[Records from a data collection]
--------------------

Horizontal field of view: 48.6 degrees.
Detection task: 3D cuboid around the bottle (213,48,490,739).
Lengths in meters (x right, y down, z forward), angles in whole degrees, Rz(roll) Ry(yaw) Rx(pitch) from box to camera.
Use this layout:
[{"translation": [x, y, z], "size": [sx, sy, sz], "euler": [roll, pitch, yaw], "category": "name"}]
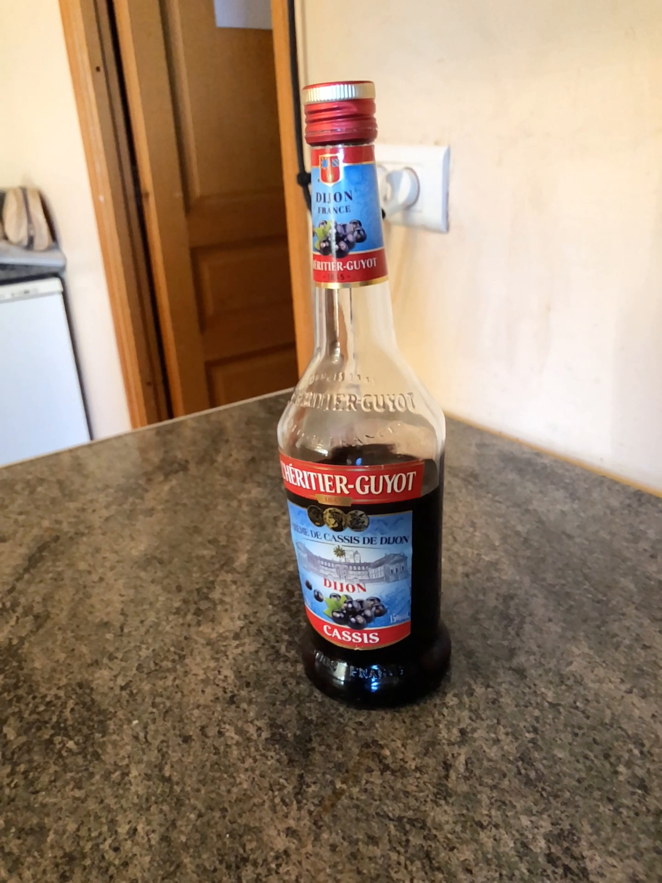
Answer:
[{"translation": [0.021, -0.015, 0.358], "size": [0.090, 0.299, 0.091], "euler": [-3, 21, 1], "category": "bottle"}]
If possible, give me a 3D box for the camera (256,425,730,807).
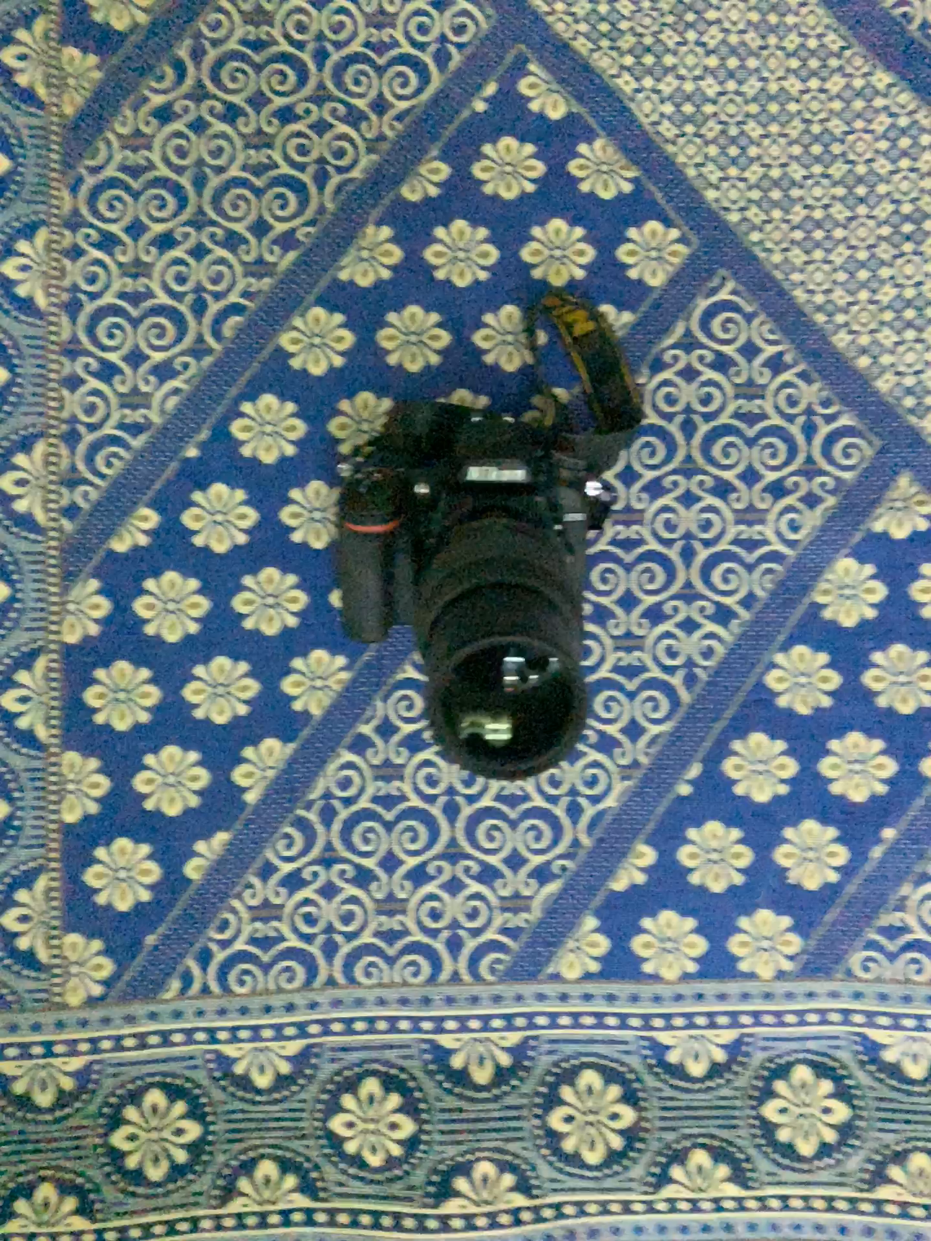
[{"bbox_3d":[0.006,-0.017,0.428,0.160,0.191,0.130,1,103,-2],"label":"camera"}]
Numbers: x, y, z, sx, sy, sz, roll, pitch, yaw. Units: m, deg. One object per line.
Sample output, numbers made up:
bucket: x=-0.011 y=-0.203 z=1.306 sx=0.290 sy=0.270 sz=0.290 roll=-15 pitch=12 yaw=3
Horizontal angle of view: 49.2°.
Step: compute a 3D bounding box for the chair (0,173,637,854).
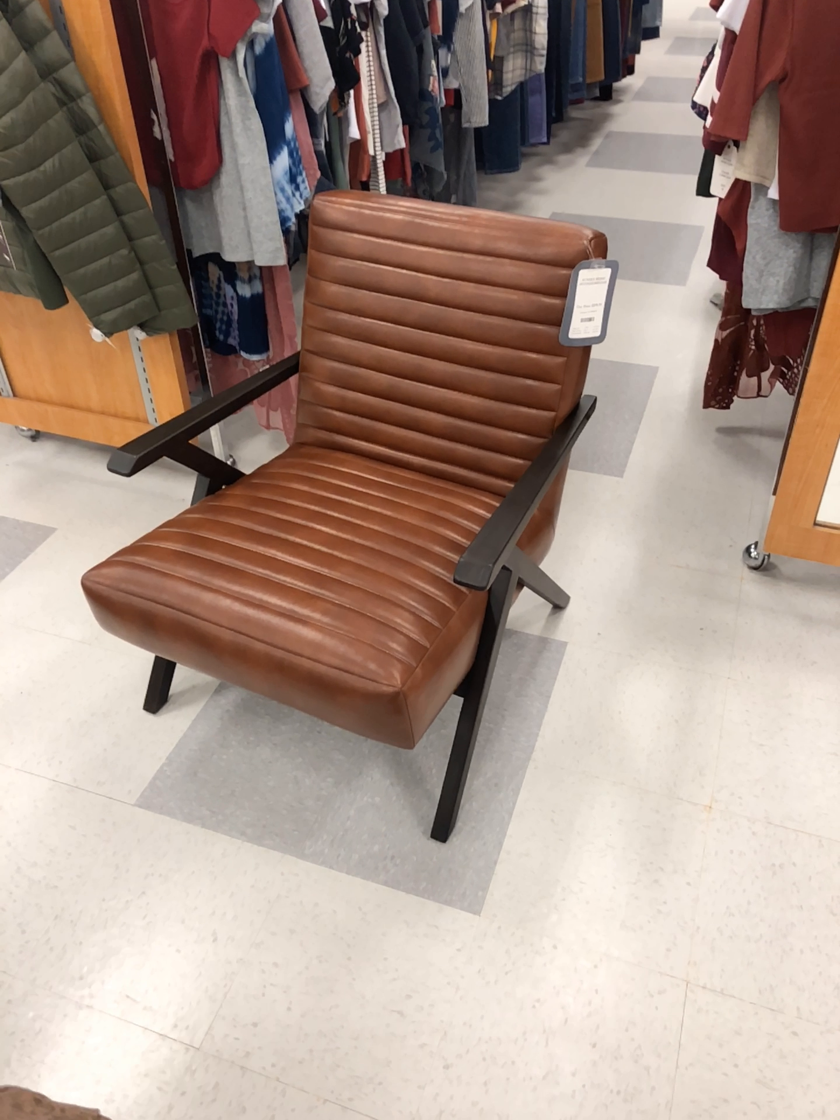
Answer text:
chair: x=-0.111 y=-0.124 z=1.551 sx=0.676 sy=0.756 sz=0.680 roll=17 pitch=43 yaw=23

--------------------

Exercise goal:
Output the records above exactly, leaving out pictures.

Result of this task:
Horizontal field of view: 48.6 degrees.
Detection task: 3D cuboid around the bottle (213,48,490,739).
Lengths in meters (x right, y down, z forward), angles in whole degrees, Rz(roll) Ry(yaw) Rx(pitch) from box to camera.
Use this layout:
[{"translation": [x, y, z], "size": [sx, sy, sz], "euler": [roll, pitch, yaw], "category": "name"}]
Answer:
[{"translation": [0.021, -0.015, 0.358], "size": [0.090, 0.299, 0.091], "euler": [-3, 21, 1], "category": "bottle"}]
If possible, give me a 3D box for the camera (256,425,730,807).
[{"bbox_3d":[0.006,-0.017,0.428,0.160,0.191,0.130,1,103,-2],"label":"camera"}]
Numbers: x, y, z, sx, sy, sz, roll, pitch, yaw. Units: m, deg. One object per line.
Sample output, numbers made up:
bucket: x=-0.011 y=-0.203 z=1.306 sx=0.290 sy=0.270 sz=0.290 roll=-15 pitch=12 yaw=3
Horizontal angle of view: 49.2°.
Step: compute a 3D bounding box for the chair (0,173,637,854).
Answer text:
chair: x=-0.111 y=-0.124 z=1.551 sx=0.676 sy=0.756 sz=0.680 roll=17 pitch=43 yaw=23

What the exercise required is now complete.